In which, I am annoyed by copy protection

I’ve mentioned a few times recently that my wife has been coming up with reasons for me to create scripts.  Mostly, these are because she wants to have local copies of fan-translated Chinese novels.

Personally, I don’t have a lot of interest in the content… but it’s great at motivation.  I want her to be happy, I get to learn new stuff, I justify the existence of the new server that materialized in my server closet a couple of months ago, it all works out.

The last tool I made is one that crawls a web site and generates a list of links from the site.  She can import this list into a program on her iPad and it downloads all of the linked pages as local copies.  I’m not certain how they’re stored and I have no idea how to back them up or view them outside of this specific program, but I’m not really invested and as long as she’s happy then I’m happy.

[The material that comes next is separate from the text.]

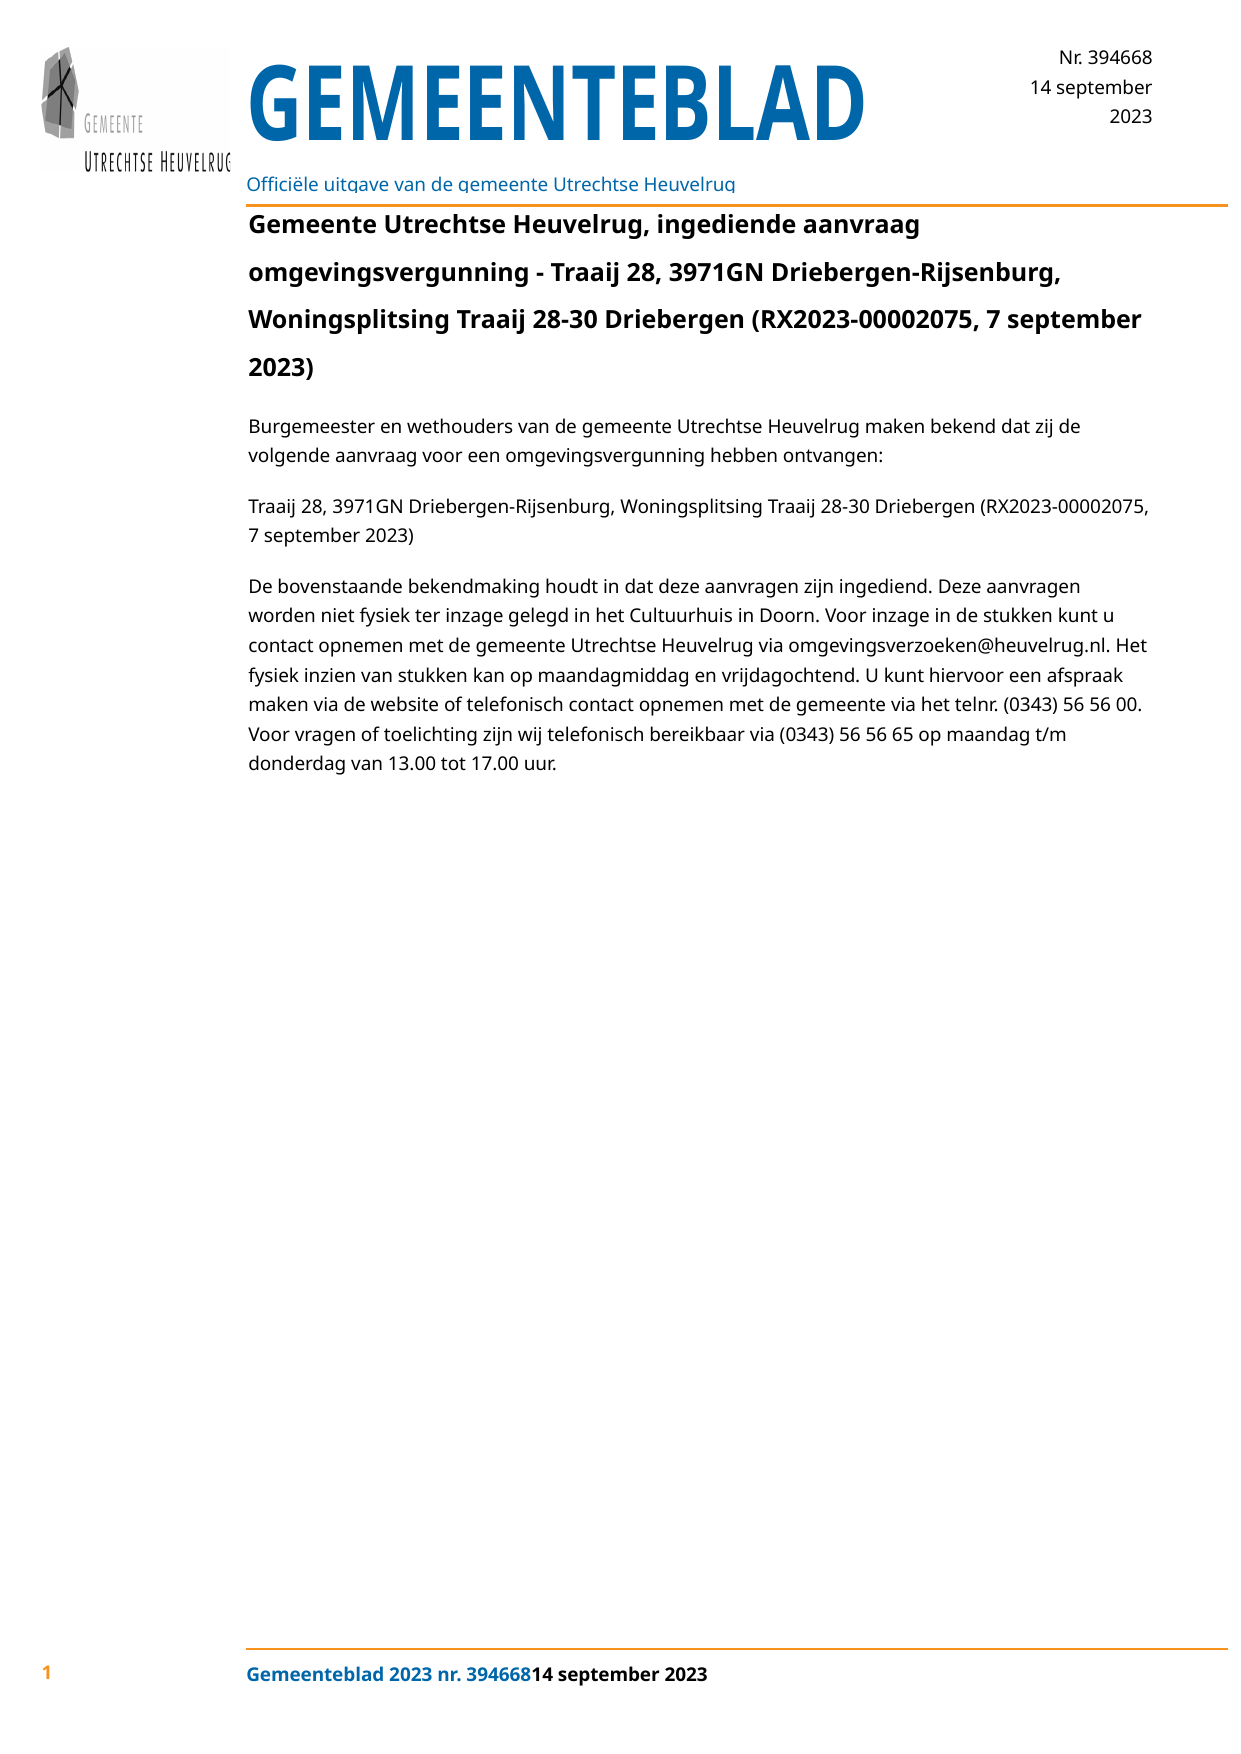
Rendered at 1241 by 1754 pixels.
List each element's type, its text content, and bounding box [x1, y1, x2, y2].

Not long after I created this tool, she told me she was having trouble downloading links from a specific fan translator’s site.  I took a quick look at the site and could immediately understand why – it was purposefully obtuse.  There was virtually no HTML – rather, everything was being rendered via Javascript.  They REALLY don’t want their content to be read anywhere but their approved page.

I looked at this, and it looked like, well, work.  Which, whenever possible, I try to avoid.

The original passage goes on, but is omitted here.